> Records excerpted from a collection
■ ■ ■ ■ ■

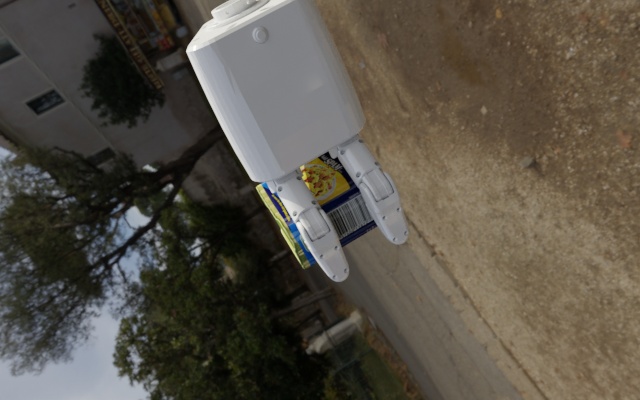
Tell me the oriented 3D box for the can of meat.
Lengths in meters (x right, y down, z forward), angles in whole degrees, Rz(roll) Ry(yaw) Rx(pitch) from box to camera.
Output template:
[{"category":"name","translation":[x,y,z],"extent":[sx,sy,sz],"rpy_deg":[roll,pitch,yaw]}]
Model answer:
[{"category":"can of meat","translation":[0.000,0.002,0.412],"extent":[0.084,0.057,0.102],"rpy_deg":[-30,33,-7]}]
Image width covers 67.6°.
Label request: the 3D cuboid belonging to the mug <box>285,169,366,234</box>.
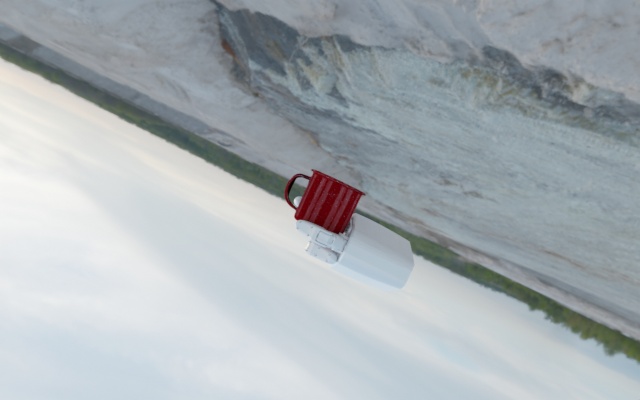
[{"bbox_3d":[-0.001,0.002,0.734,0.117,0.081,0.093,25,1,-1],"label":"mug"}]

■ ■ ■ ■ ■

> Your objective
Above are the records; repeat exactly the lines from the one holding "Lengths in meters" down to the one holding "Image width covers 67.6°.", end lines included.

> Result of the exercise
Lengths in meters (x right, y down, z forward), angles in whole degrees, Rz(roll) Ry(yaw) Rx(pitch) from box to camera.
Output template:
[{"category":"name","translation":[x,y,z],"extent":[sx,sy,sz],"rpy_deg":[roll,pitch,yaw]}]
Model answer:
[{"category":"can of meat","translation":[0.000,0.002,0.412],"extent":[0.084,0.057,0.102],"rpy_deg":[-30,33,-7]}]
Image width covers 67.6°.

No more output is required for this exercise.